Quarta-feira (08 de setembro)

Biodiversidade
PORTARIA Nº 567, DE 2 DE SETEMBRO DE 2021Neutro
Publica a relação semestral das unidades de conservação prioritárias para fins de regularização fundiária: Floresta Nacional Jamanxim (Bioma Amazônia); Floresta Nacional de Iquiri (Bioma Amazônia); Floresta Nacional de Altamira (Bioma Amazônia); Parque Nacional Marinho de Fernando de Noronha (Bioma Marinho Costeiro); Parque Nacional dos Lençóis Maranhenses (Bioma Marinho Costeiro); Parque Nacional de Jericoacoara (Bioma Marinho Costeiro); Parque Nacional do Iguaçu (Bioma Mata Atlântica); Parque Nacional da Tijuca (Bioma Mata Atlântica); Parque Nacional de Aparados da Serra (Bioma Mata Atlântica); Parque Nacional da Serra Geral (Bioma Mata Atlântica); Parque Nacional da Chapada dos Guimarães (Bioma Cerrado); Parque Nacional de Brasília (Bioma Cerrado); Parque Nacional da Chapada dos Veadeiros (Bioma Cerrado); Parque Nacional da Serra da Canastra (Bioma Cerrado); Parque Nacional do Mapinguari (Bioma Amazônia); Parque Nacional do Jamanxim (Bioma Amazônia); Reserva Extrativista Cazumbá Iracema (Bioma Amazônia); Reserva Extrativista Ituxi (Bioma Amazônia); Reserva Extrativista Verde para Sempre (Bioma Amazônia); Reserva Extrativista Chico Mendes (Bioma Amazônia); Reserva Biológica Nascentes da Serra do Cachimbo (Bioma Amazônia); Estação Ecológica Terra do Meio (Bioma Amazônia).

 

Quinta-feira (09 de setembro)

Institucional
PORTARIA Nº 423, DE 6 DE SETEMBRO DE 2021Reforma Institucional
Designa a Assessoria Especial de Controle Interno – AECI como a nova Unidade de Gestão de Integridade no âmbito do Ministério do Meio Ambiente, em substituição à unidade anteriormente designada pela Portaria nº 137, de 10 de maio de 2018. Compete à Unidade de Gestão da Integridade: I – coordenar a estruturação, execução e monitoramento do Programa e Plano de Integridade do Ministério do Meio Ambiente, para prevenir e mitigar as vulnerabilidades eventualmente identificadas, buscando a prevenção, detecção e combate à ocorrência de atos lesivos; II – atuar na orientação e treinamento dos servidores do Ministério do Meio Ambiente com relação aos temas atinentes ao Programa e Plano de Integridade; e III – promover outras ações relacionadas à gestão da integridade, em conjunto com as demais áreas do Ministério do Meio Ambiente.

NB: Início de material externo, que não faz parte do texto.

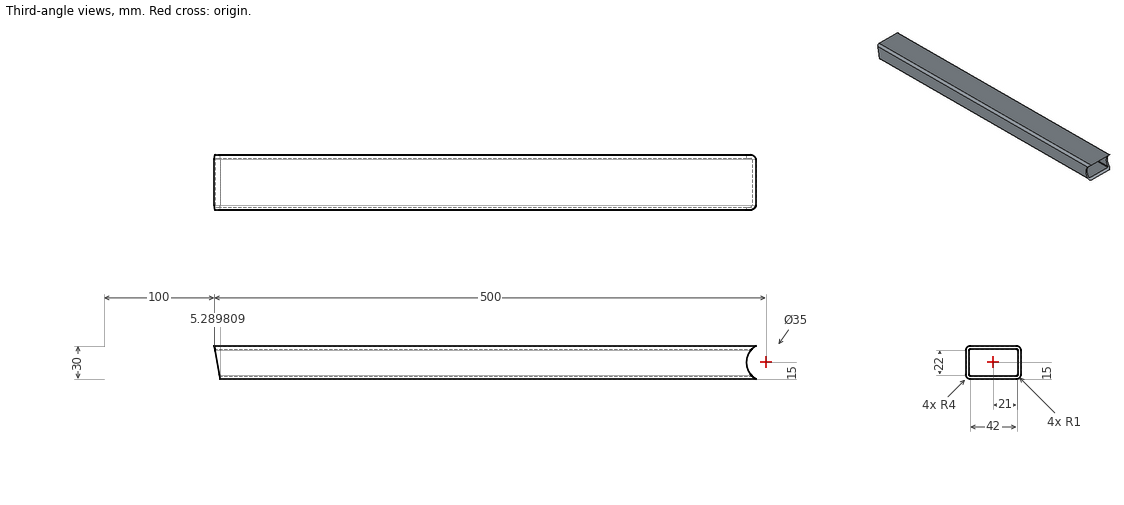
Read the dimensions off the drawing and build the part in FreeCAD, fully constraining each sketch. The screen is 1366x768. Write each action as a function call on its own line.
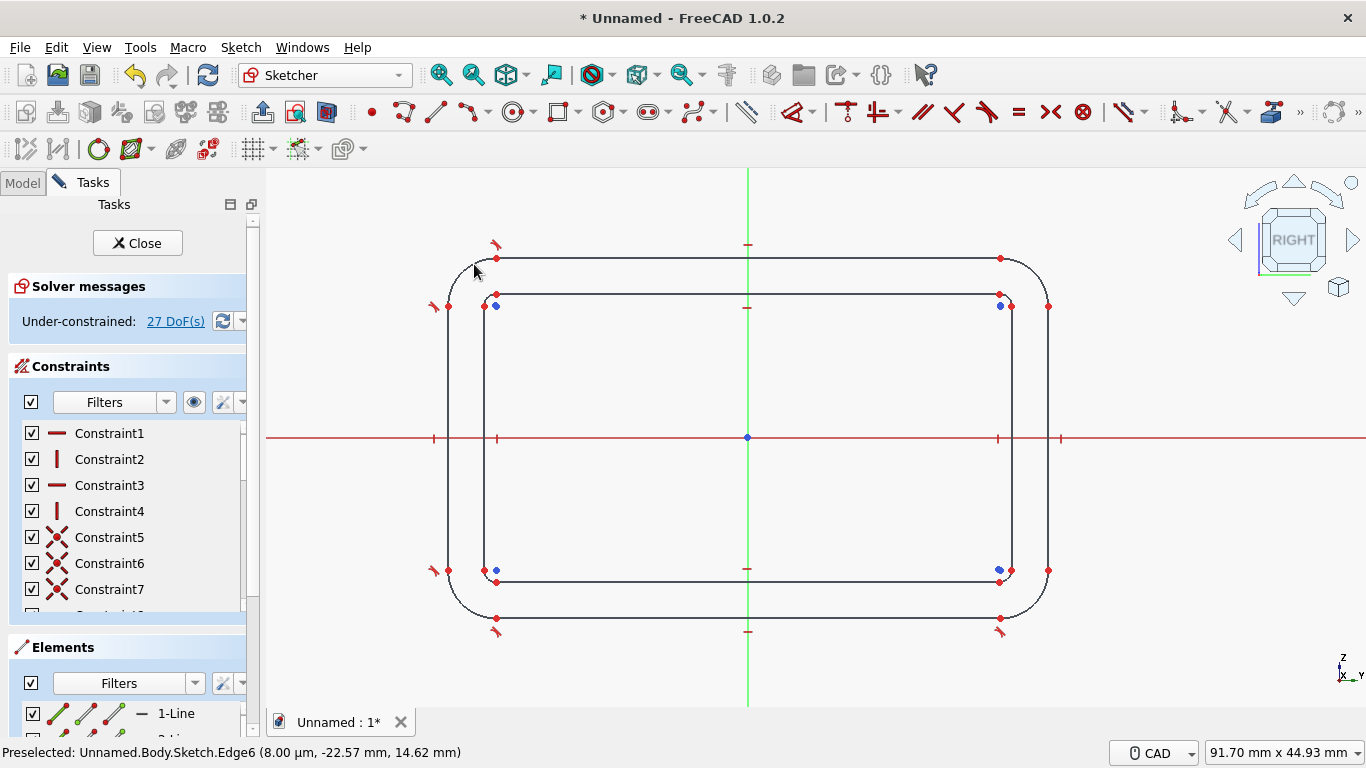
click(647, 258)

Revoga a Portaria nº 137, de 10 de maio de 2018. Esta Portaria é a continuação da Portaria MMA Nº 296, de 7 de julho de 2021, que Institui a Política de Governança do Ministério do Meio Ambiente – PG-MMA, sendo apenas mais um desdobramento dessa do novo arranjo institucional do MMA, já publicado.

 

Sexta-feira (10 de setembro)

Institucional
PORTARIA Nº 416, DE 8 DE SETEMBRO DE 2021Revogaço
Declara a revogação de 45 atos normativos do Ministério do Meio Ambiente.

Pesca
PORTARIA SAP/MAPA Nº 387, DE 9 DE SETEMBRO DE 2021Regulação
Estabelece que fica proibida a captura, transporte e comercialização da espécie Gramma brasiliensis em todo o território nacional, não se aplicando a regra aos indivíduos oriundos de aquicultores ou empreendimentos aquícolas devidamente inscritos no Registro Geral da Atividade Pesqueira e com Licença válida na categoria de Aquicultor. O  Gramma brasiliensis é uma  espécie ornamental marinha, endêmica do Brasil, que foi intensamente capturada, chegando a ser quase extinta, para o comércio aquariofilista. Em 2004 foi incluída na lista de espécies ameaçadas em  (IN MMA 05/2004) e foi proibida a captura desde então. Essa proibição propiciou uma recuperação da população nos últimos anos levando a retirada da espécie da Lista Vermelha da Fauna Ameaçada de Extinção de 2014. No entanto, esse mercado todo dos ornamentais é pouquíssimo regulamentado, os limites de captura não existem ou são subavaliados. A proibição que trata a portaria foi uma demanda da Sociedade Brasileira de Ictiologia – SBI, feita à SAP em 10/09/2020, que solicitou a proibição da coleta e comercialização de Gramma brasiliensis, demonstrando suas características bioecológicas e explicitando os impactos que a IN nº 10/2020 poderia causar na espécie (IN apontada como problema no Pesca por Inteiro). Dessa forma, essa proibição vem a ser uma necessária medida de precaução e temos a conferir se a espécie constará da próxima lista vermelha que está sendo avaliada pela CONABIO, conforme apontado aqui pela Política por Inteiro.